» **WORK INSTRUCTION**: For every line that contains the string "SOLID", pull that line out of the material below.

» **RECORDED DATA**:
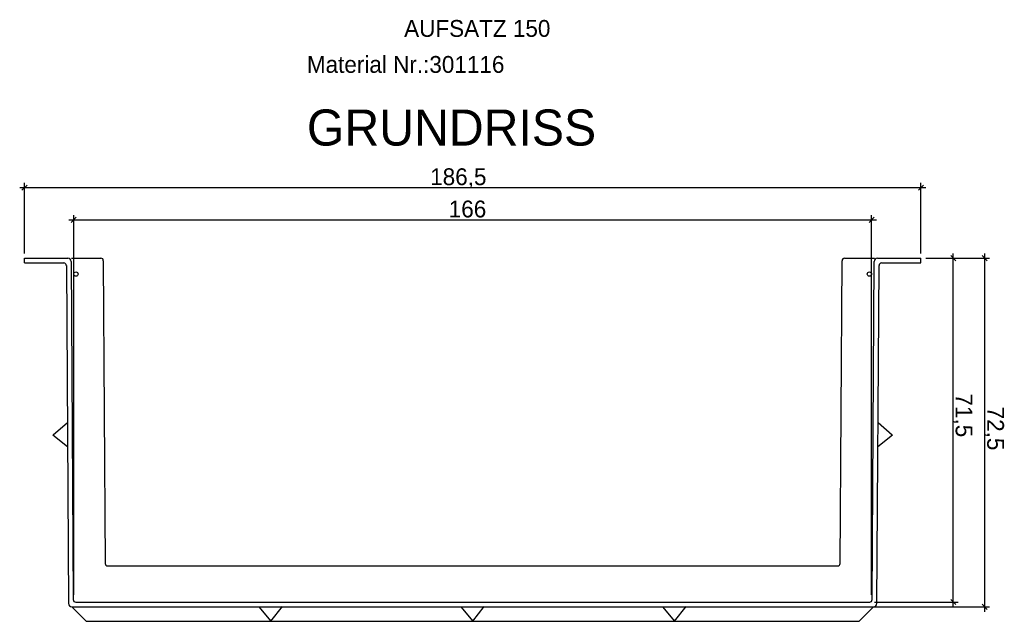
# Model space of a CAD drawing. Extents: x 383 to 676, y -168 to 289.
import ezdxf

# ---------------------------------------------------------------- set-up
doc = ezdxf.new("R2010")
doc.units = 0
doc.linetypes.add('SOLID', pattern=[0])
doc.layers.get('0').update_dxf_attribs({"linetype": 'CONTINUOUS'})
for name, color, linetype in [('1', 7, 'CONTINUOUS'), ('3', 7, 'CONTINUOUS'), ('5', 7, 'CONTINUOUS')]:
    doc.layers.add(name, color=color, linetype=linetype)

msp = doc.modelspace()

# ---------------------------------------------------------------- linework, layer by layer
at = {"color": 0, "linetype": 'SOLID'}
for p, q in [((384.700807, -77.545847), (383.640147, -78.606507)), ((384.170477, -91.754257), (384.170477, -77.076177)), ((570.140147, -78.606507), (571.200807, -77.545847)), ((570.670477, -91.754257), (570.670477, -77.076177)), ((383.170477, -78.076177), (571.670477, -78.076177)), ((394.417319, -162.757435), (394.417319, -83.784084)), ((560.423635, -162.757435), (560.423635, -83.784084)), ((393.417319, -84.784084), (561.423635, -84.784084)), ((394.947649, -84.253754), (393.886989, -85.314414)), ((559.893305, -85.314414), (560.953965, -84.253754)), ((577.40347, -165.254257), (577.40347, -91.754257)), ((583.963408, -166.254257), (583.963408, -91.754257)), ((384.170477, -93.754257), (384.170477, -92.754257)), ((384.170477, -93.754257), (392.370477, -93.754257)), ((393.870477, -93.454257), (394.317319, -163.757435)), ((393.966483, -92.754257), (400.070602, -92.754257)), ((400.569547, -93.286717), (400.969785, -156.257435)), ((553.871169, -156.257435), (554.271418, -93.284917)), ((554.770477, -92.754257), (560.990064, -92.754257)), ((560.523635, -163.757435), (560.970477, -93.454257)), ((562.470477, -93.754257), (570.670477, -93.754257)), ((570.670477, -93.754257), (570.670477, -92.754257)), ((571.670477, -92.754257), (584.963408, -92.754257)), ((573.030179, -92.754257), (578.40347, -92.754257)), ((577.9338, -93.284587), (576.87314, -92.223926)), ((584.493738, -93.284587), (583.433078, -92.223926)), ((392.875735, -94.284653), (393.322392, -164.558706)), ((561.518562, -164.558706), (561.965302, -94.271579)), ((390.125259, -129.469429), (393.083132, -126.915193)), ((561.757822, -126.915193), (564.715695, -129.469429)), ((390.086515, -129.469429), (393.114911, -131.915092)), ((561.726043, -131.915092), (564.754439, -129.469429)), ((401.469775, -156.754257), (553.371179, -156.754257)), ((576.87314, -163.723927), (577.9338, -164.784587)), ((394.022378, -165.254257), (397.022378, -168.254257)), ((394.817309, -164.254257), (560.023645, -164.254257)), ((432.943703, -165.256449), (435.420477, -168.254257)), ((435.420477, -168.254257), (437.838428, -165.191875)), ((474.943703, -165.256449), (477.420477, -168.254257)), ((477.420477, -168.254257), (479.838428, -165.191875)), ((516.943703, -165.256449), (519.420477, -168.254257)), ((519.420477, -168.254257), (521.838428, -165.191875)), ((557.818576, -168.254257), (560.818576, -165.254257)), ((561.023645, -164.254257), (578.40347, -164.254257)), ((561.818576, -165.254257), (584.963408, -165.254257)), ((583.433078, -164.723927), (584.493738, -165.784587)), ((397.022378, -168.254257), (557.818576, -168.254257))]:
    msp.add_line(p, q, dxfattribs=at)
for centre in [(394.870477, -96.054257), (559.970477, -96.054257)]:
    msp.add_circle(centre, 0.45, dxfattribs=at)
for centre, radius, start, end in [((392.370477, -94.254257), 0.5, 0, 90), ((393.170477, -93.454257), 0.7, 0, 90), ((400.070602, -93.254257), 0.5, 356.277725, 450), ((554.770477, -93.254257), 0.5, 90, 183.515686), ((561.670477, -93.454257), 0.7, 90, 180), ((562.470477, -94.254257), 0.5, 90, 180), ((401.469775, -156.254257), 0.5, 180.364163, 270), ((553.371179, -156.254257), 0.5, 270, 359.635837), ((394.817309, -163.754257), 0.5, 180.364163, 270), ((560.023645, -163.754257), 0.5, 270, 359.635837), ((394.022378, -164.554257), 0.7, 180.364163, 270), ((560.818576, -164.554257), 0.7, 270, 359.635837)]:
    msp.add_arc(centre, radius, start, end, dxfattribs=at)
at = {"layer": '1', "color": 0, "linetype": 'SOLID'}
for p, q in [((394.022378, -165.254257), (560.818576, -165.254257)), ((560.120478, -165.254257), (564.728057, -165.254257))]:
    msp.add_line(p, q, dxfattribs=at)
at = {"layer": '3', "color": 0, "linetype": 'SOLID'}
for p, q in [((384.170477, -92.754257), (393.170477, -92.754257)), ((561.670477, -92.754257), (570.670477, -92.754257))]:
    msp.add_line(p, q, dxfattribs=at)

# ---------------------------------------------------------------- texts
at = {"color": 0, "linetype": 'SOLID'}
for s, p in [('186,5', (468.574799, -77.576177)), ('166', (472.433036, -84.284084))]:
    msp.add_text(s, height=3.5, dxfattribs=at).set_placement(p)
for s, p in [('71,5', (577.90347, -120.88209)), ('72,5', (584.463408, -123.61875))]:
    msp.add_text(s, height=3.5, rotation=270, dxfattribs=at).set_placement(p)
at = {"layer": '3', "color": 0, "linetype": 'SOLID'}
for s, p in [('AUFSATZ 150', (463.15824, -46.740455)), ('Material Nr.:301116', (442.918376, -54.225933))]:
    msp.add_text(s, height=3.5, dxfattribs=at).set_placement(p)
at = {"layer": '5', "color": 0, "linetype": 'SOLID'}
msp.add_text('GRUNDRISS', height=7.5, dxfattribs=at).set_placement((442.929633, -69.348898))

doc.saveas('drawing.dxf')

» **ANSWER TO THE PROBLEM**:
doc.linetypes.add('SOLID', pattern=[0])
at = {"color": 0, "linetype": 'SOLID'}
at = {"layer": '1', "color": 0, "linetype": 'SOLID'}
at = {"layer": '3', "color": 0, "linetype": 'SOLID'}
at = {"color": 0, "linetype": 'SOLID'}
at = {"layer": '3', "color": 0, "linetype": 'SOLID'}
at = {"layer": '5', "color": 0, "linetype": 'SOLID'}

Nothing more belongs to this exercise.